**ASSIGNMENT:** Write the records out again exactly, leaving no images in.

**RECORDS FOR PROCESSING:**
------------------------------------------------------------------------
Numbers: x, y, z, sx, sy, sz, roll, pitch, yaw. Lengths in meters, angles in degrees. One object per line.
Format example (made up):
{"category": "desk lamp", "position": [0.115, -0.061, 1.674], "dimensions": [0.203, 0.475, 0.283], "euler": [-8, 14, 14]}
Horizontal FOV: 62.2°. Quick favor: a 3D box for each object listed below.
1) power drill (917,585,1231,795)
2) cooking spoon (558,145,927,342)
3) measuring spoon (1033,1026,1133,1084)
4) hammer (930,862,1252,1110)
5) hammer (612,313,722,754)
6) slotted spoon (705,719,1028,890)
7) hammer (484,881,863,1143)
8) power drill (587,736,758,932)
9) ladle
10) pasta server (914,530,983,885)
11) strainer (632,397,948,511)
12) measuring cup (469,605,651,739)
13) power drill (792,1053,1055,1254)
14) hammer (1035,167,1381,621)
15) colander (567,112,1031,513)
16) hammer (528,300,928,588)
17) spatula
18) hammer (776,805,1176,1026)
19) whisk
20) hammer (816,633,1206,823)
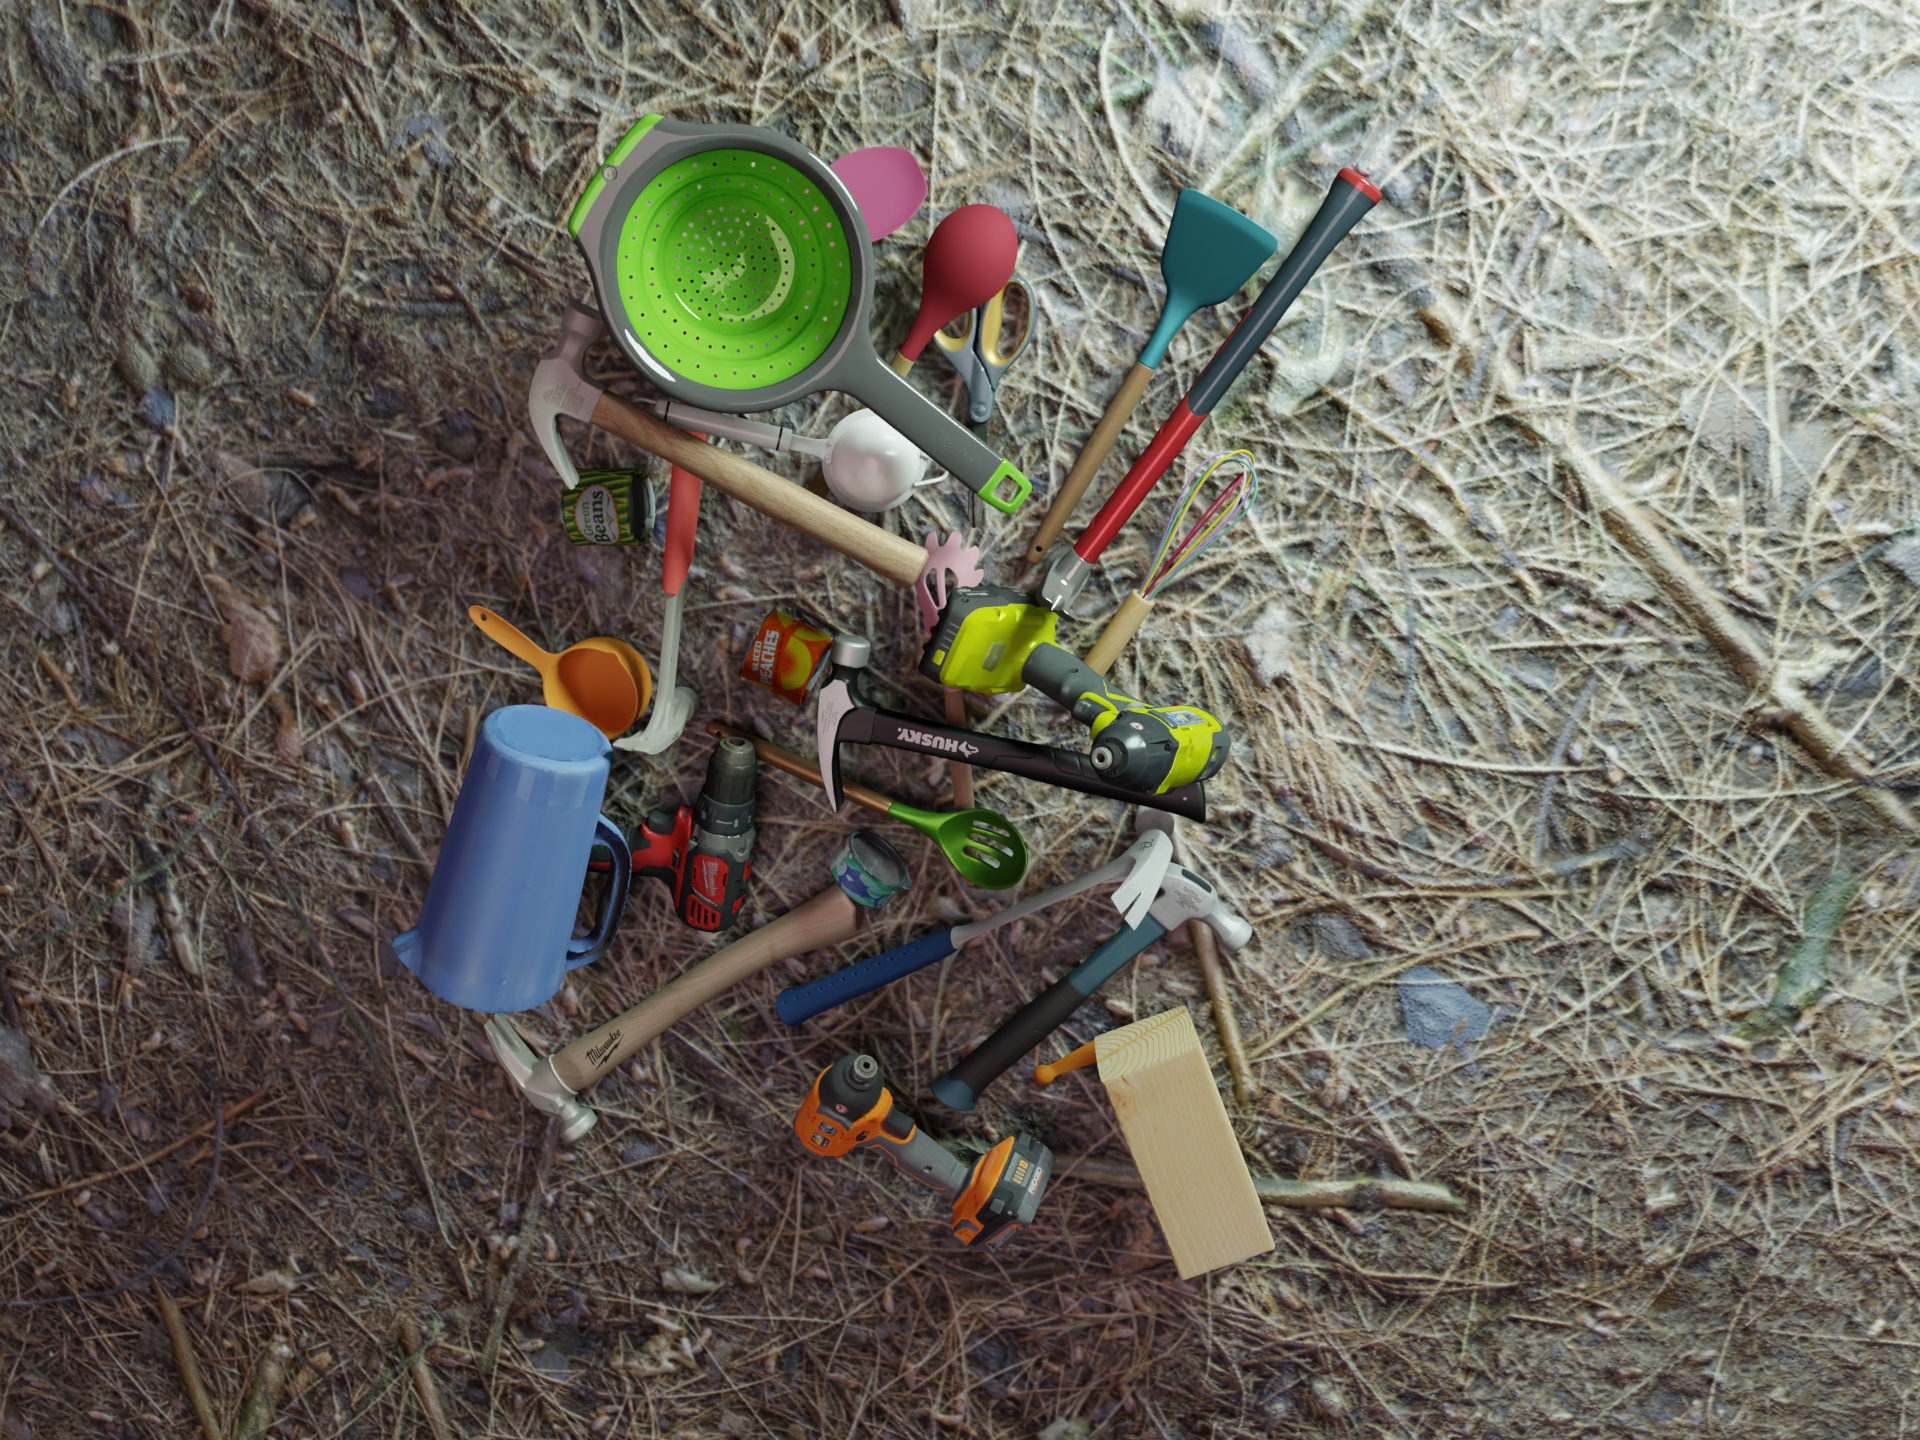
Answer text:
{"category": "power drill", "position": [0.084, -0.020, 1.234], "dimensions": [0.223, 0.171, 0.080], "euler": [34, 110, 27]}
{"category": "cooking spoon", "position": [-0.175, -0.364, 1.255], "dimensions": [0.319, 0.017, 0.068], "euler": [-24, 96, 7]}
{"category": "measuring spoon", "position": [0.117, 0.306, 1.450], "dimensions": [0.117, 0.011, 0.021], "euler": [-28, 101, 18]}
{"category": "hammer", "position": [0.097, 0.246, 1.423], "dimensions": [0.128, 0.033, 0.331], "euler": [43, 111, -6]}
{"category": "hammer", "position": [-0.233, -0.154, 1.310], "dimensions": [0.037, 0.149, 0.359], "euler": [10, 104, 5]}
{"category": "slotted spoon", "position": [-0.083, 0.064, 1.388], "dimensions": [0.314, 0.031, 0.070], "euler": [23, 111, 11]}
{"category": "hammer", "position": [-0.265, 0.252, 1.497], "dimensions": [0.410, 0.038, 0.146], "euler": [-33, 98, 19]}
{"category": "power drill", "position": [-0.290, 0.081, 1.418], "dimensions": [0.226, 0.080, 0.187], "euler": [15, 116, 3]}
{"category": "ladle", "position": [-0.057, -0.272, 1.272], "dimensions": [0.069, 0.031, 0.315], "euler": [38, 117, 1]}
{"category": "pasta server", "position": [-0.002, -0.004, 1.364], "dimensions": [0.060, 0.040, 0.316], "euler": [-1, 112, 12]}
{"category": "strainer", "position": [-0.133, -0.219, 1.266], "dimensions": [0.258, 0.050, 0.086], "euler": [12, 111, -10]}
{"category": "measuring cup", "position": [-0.351, -0.054, 1.403], "dimensions": [0.173, 0.052, 0.095], "euler": [35, 111, 0]}
{"category": "power drill", "position": [-0.034, 0.384, 1.444], "dimensions": [0.226, 0.084, 0.164], "euler": [28, 141, 1]}
{"category": "hammer", "position": [0.181, -0.240, 1.196], "dimensions": [0.038, 0.143, 0.386], "euler": [35, 107, -5]}
{"category": "colander", "position": [-0.108, -0.294, 1.221], "dimensions": [0.396, 0.095, 0.204], "euler": [36, 100, -19]}
{"category": "hammer", "position": [-0.179, -0.189, 1.241], "dimensions": [0.331, 0.031, 0.130], "euler": [27, 111, -10]}
{"category": "spatula", "position": [0.130, -0.254, 1.242], "dimensions": [0.082, 0.044, 0.317], "euler": [29, 112, -3]}
{"category": "hammer", "position": [0.003, 0.188, 1.384], "dimensions": [0.405, 0.144, 0.035], "euler": [-27, 110, 25]}
{"category": "whisk", "position": [0.164, -0.116, 1.286], "dimensions": [0.051, 0.047, 0.245], "euler": [39, 116, 10]}
{"category": "hammer", "position": [0.042, 0.035, 1.324], "dimensions": [0.335, 0.035, 0.146], "euler": [13, 105, 5]}
------------------------------------------------------------------------
**TASK ANSWER:**
Numbers: x, y, z, sx, sy, sz, roll, pitch, yaw. Lengths in meters, angles in degrees. One object per line.
Format example (made up):
{"category": "desk lamp", "position": [0.115, -0.061, 1.674], "dimensions": [0.203, 0.475, 0.283], "euler": [-8, 14, 14]}
Horizontal FOV: 62.2°. Quick favor: a 3D box for each object listed below.
1) power drill (917,585,1231,795)
2) cooking spoon (558,145,927,342)
3) measuring spoon (1033,1026,1133,1084)
4) hammer (930,862,1252,1110)
5) hammer (612,313,722,754)
6) slotted spoon (705,719,1028,890)
7) hammer (484,881,863,1143)
8) power drill (587,736,758,932)
9) ladle
10) pasta server (914,530,983,885)
11) strainer (632,397,948,511)
12) measuring cup (469,605,651,739)
13) power drill (792,1053,1055,1254)
14) hammer (1035,167,1381,621)
15) colander (567,112,1031,513)
16) hammer (528,300,928,588)
17) spatula
18) hammer (776,805,1176,1026)
19) whisk
20) hammer (816,633,1206,823)
Answer text:
{"category": "power drill", "position": [0.084, -0.020, 1.234], "dimensions": [0.223, 0.171, 0.080], "euler": [34, 110, 27]}
{"category": "cooking spoon", "position": [-0.175, -0.364, 1.255], "dimensions": [0.319, 0.017, 0.068], "euler": [-24, 96, 7]}
{"category": "measuring spoon", "position": [0.117, 0.306, 1.450], "dimensions": [0.117, 0.011, 0.021], "euler": [-28, 101, 18]}
{"category": "hammer", "position": [0.097, 0.246, 1.423], "dimensions": [0.128, 0.033, 0.331], "euler": [43, 111, -6]}
{"category": "hammer", "position": [-0.233, -0.154, 1.310], "dimensions": [0.037, 0.149, 0.359], "euler": [10, 104, 5]}
{"category": "slotted spoon", "position": [-0.083, 0.064, 1.388], "dimensions": [0.314, 0.031, 0.070], "euler": [23, 111, 11]}
{"category": "hammer", "position": [-0.265, 0.252, 1.497], "dimensions": [0.410, 0.038, 0.146], "euler": [-33, 98, 19]}
{"category": "power drill", "position": [-0.290, 0.081, 1.418], "dimensions": [0.226, 0.080, 0.187], "euler": [15, 116, 3]}
{"category": "ladle", "position": [-0.057, -0.272, 1.272], "dimensions": [0.069, 0.031, 0.315], "euler": [38, 117, 1]}
{"category": "pasta server", "position": [-0.002, -0.004, 1.364], "dimensions": [0.060, 0.040, 0.316], "euler": [-1, 112, 12]}
{"category": "strainer", "position": [-0.133, -0.219, 1.266], "dimensions": [0.258, 0.050, 0.086], "euler": [12, 111, -10]}
{"category": "measuring cup", "position": [-0.351, -0.054, 1.403], "dimensions": [0.173, 0.052, 0.095], "euler": [35, 111, 0]}
{"category": "power drill", "position": [-0.034, 0.384, 1.444], "dimensions": [0.226, 0.084, 0.164], "euler": [28, 141, 1]}
{"category": "hammer", "position": [0.181, -0.240, 1.196], "dimensions": [0.038, 0.143, 0.386], "euler": [35, 107, -5]}
{"category": "colander", "position": [-0.108, -0.294, 1.221], "dimensions": [0.396, 0.095, 0.204], "euler": [36, 100, -19]}
{"category": "hammer", "position": [-0.179, -0.189, 1.241], "dimensions": [0.331, 0.031, 0.130], "euler": [27, 111, -10]}
{"category": "spatula", "position": [0.130, -0.254, 1.242], "dimensions": [0.082, 0.044, 0.317], "euler": [29, 112, -3]}
{"category": "hammer", "position": [0.003, 0.188, 1.384], "dimensions": [0.405, 0.144, 0.035], "euler": [-27, 110, 25]}
{"category": "whisk", "position": [0.164, -0.116, 1.286], "dimensions": [0.051, 0.047, 0.245], "euler": [39, 116, 10]}
{"category": "hammer", "position": [0.042, 0.035, 1.324], "dimensions": [0.335, 0.035, 0.146], "euler": [13, 105, 5]}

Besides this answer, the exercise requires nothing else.